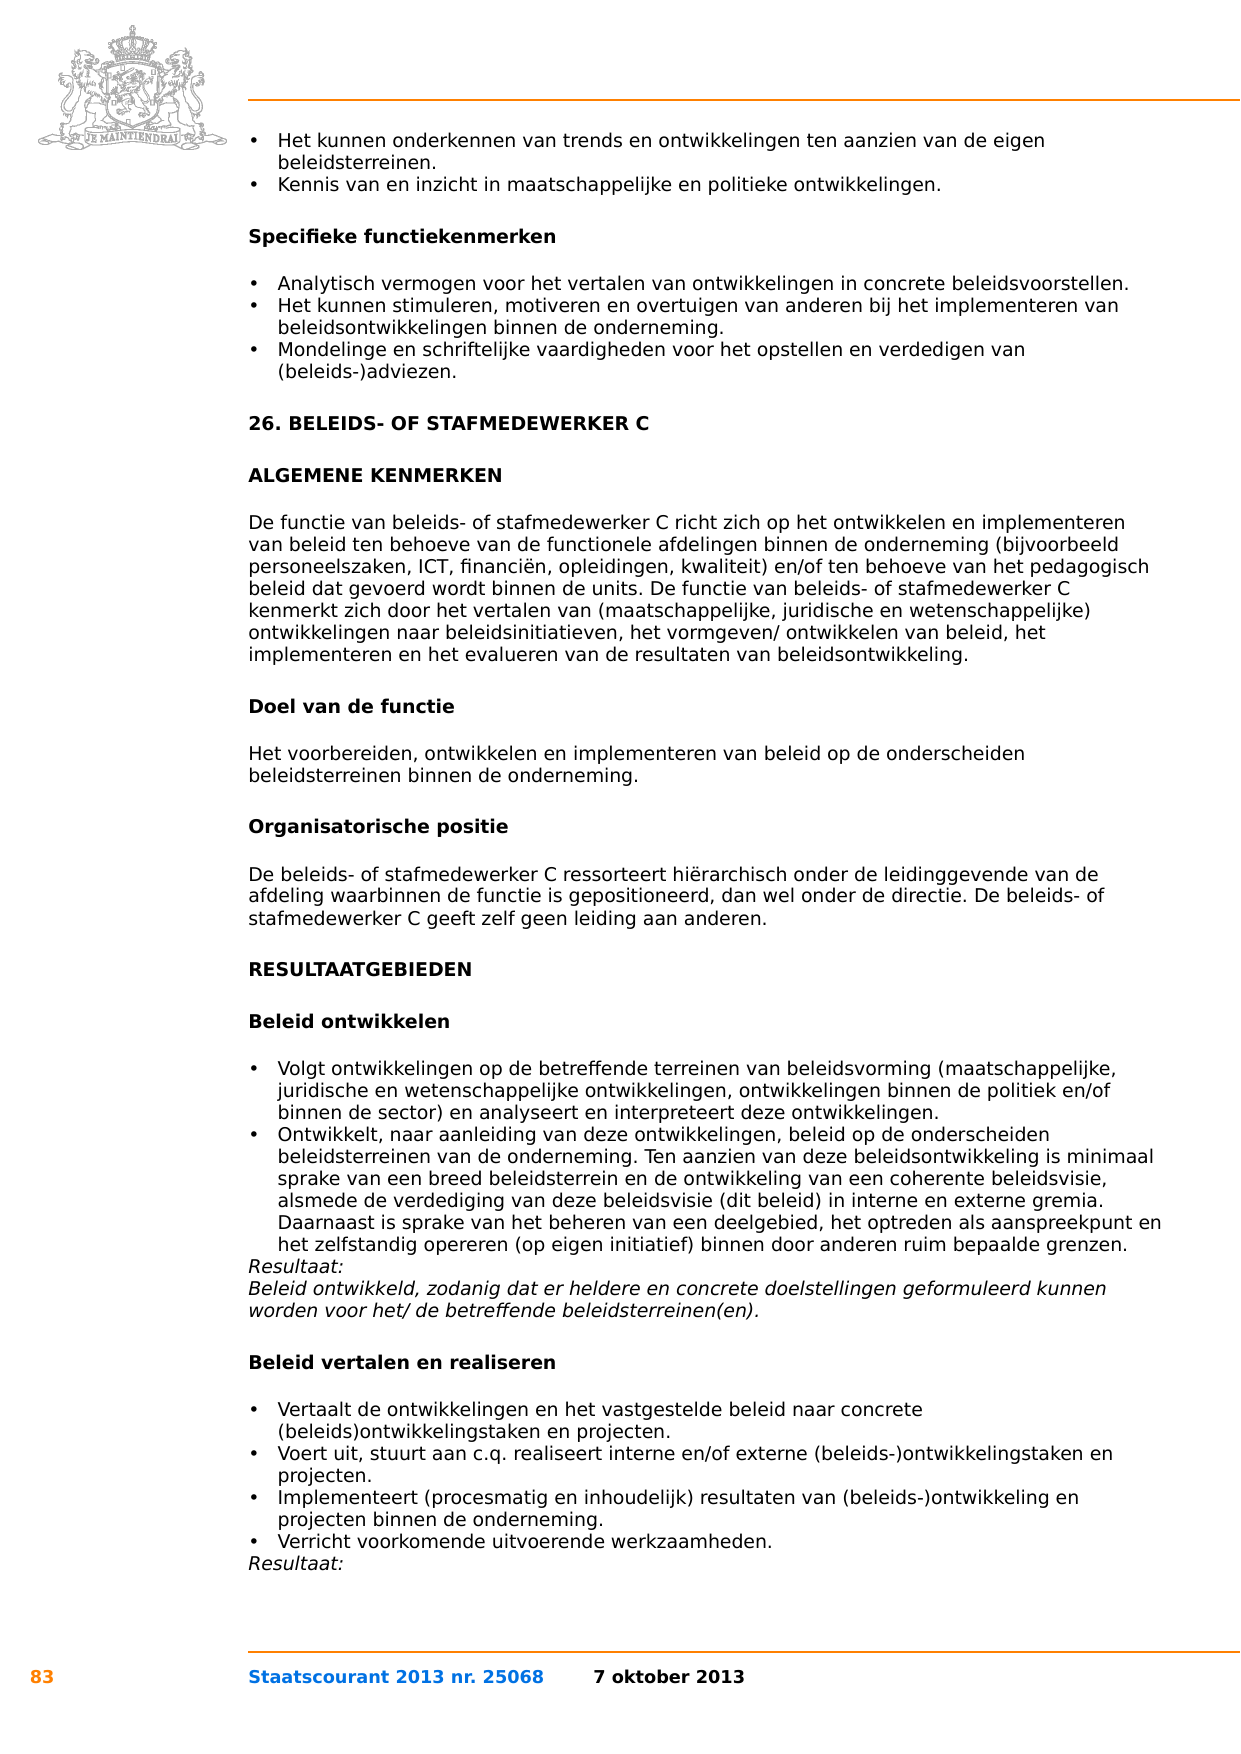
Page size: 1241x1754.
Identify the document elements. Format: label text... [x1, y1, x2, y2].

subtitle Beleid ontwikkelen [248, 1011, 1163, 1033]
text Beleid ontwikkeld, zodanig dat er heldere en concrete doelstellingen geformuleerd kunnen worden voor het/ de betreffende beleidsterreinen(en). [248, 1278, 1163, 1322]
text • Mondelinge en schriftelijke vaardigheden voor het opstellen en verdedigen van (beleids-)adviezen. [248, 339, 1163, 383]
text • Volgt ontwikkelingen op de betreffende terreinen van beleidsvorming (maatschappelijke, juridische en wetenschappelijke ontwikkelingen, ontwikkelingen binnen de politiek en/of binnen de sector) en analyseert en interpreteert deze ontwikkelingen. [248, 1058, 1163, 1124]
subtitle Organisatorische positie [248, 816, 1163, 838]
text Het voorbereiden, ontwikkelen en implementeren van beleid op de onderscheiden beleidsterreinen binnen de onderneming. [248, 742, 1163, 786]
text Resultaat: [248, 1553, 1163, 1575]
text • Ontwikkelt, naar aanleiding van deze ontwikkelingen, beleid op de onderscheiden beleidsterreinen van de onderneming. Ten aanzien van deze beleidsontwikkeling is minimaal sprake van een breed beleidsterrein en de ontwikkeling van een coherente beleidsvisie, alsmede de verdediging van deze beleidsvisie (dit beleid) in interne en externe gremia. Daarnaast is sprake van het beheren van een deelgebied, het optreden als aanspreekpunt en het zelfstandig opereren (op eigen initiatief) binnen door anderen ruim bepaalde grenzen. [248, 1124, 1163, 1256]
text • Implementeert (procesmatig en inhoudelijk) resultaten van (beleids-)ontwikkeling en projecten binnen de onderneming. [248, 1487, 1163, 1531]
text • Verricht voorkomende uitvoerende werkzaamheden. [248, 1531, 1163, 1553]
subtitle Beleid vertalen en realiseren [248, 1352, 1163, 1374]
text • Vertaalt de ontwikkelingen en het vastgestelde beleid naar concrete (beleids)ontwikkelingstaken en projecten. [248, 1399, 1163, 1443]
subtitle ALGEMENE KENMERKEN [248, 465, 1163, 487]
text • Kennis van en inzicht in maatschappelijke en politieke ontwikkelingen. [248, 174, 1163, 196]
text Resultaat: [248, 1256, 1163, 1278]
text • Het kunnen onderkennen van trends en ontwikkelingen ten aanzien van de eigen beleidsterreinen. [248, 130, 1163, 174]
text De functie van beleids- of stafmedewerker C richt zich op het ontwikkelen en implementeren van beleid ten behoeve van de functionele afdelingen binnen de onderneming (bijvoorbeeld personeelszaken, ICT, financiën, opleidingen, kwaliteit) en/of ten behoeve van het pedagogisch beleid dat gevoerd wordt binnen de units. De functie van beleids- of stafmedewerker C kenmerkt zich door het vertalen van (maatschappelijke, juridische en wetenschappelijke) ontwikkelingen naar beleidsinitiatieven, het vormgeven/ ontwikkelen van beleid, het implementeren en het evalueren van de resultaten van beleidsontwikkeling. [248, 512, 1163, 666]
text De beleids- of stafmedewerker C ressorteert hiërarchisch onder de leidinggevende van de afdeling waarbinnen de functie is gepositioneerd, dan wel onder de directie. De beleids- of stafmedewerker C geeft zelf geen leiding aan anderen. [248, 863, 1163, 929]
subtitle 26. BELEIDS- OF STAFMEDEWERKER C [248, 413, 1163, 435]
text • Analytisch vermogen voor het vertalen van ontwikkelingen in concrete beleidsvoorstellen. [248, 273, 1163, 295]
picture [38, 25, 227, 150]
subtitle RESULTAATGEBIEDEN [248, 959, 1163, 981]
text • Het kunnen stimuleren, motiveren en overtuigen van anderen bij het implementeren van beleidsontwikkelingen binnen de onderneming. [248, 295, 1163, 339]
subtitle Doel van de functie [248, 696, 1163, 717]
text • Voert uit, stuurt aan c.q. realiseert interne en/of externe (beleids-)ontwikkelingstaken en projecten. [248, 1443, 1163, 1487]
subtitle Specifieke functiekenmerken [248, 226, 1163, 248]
□ □ □ □
» EXERCISE GOAL
Only lines holding the word "betreffende" belong in the answer; copy each one from the material.

» FINISHED TASK
text Beleid ontwikkeld, zodanig dat er heldere en concrete doelstellingen geformuleerd kunnen worden voor het/ de betreffende beleidsterreinen(en). [248, 1278, 1163, 1322]
text • Volgt ontwikkelingen op de betreffende terreinen van beleidsvorming (maatschappelijke, juridische en wetenschappelijke ontwikkelingen, ontwikkelingen binnen de politiek en/of binnen de sector) en analyseert en interpreteert deze ontwikkelingen. [248, 1058, 1163, 1124]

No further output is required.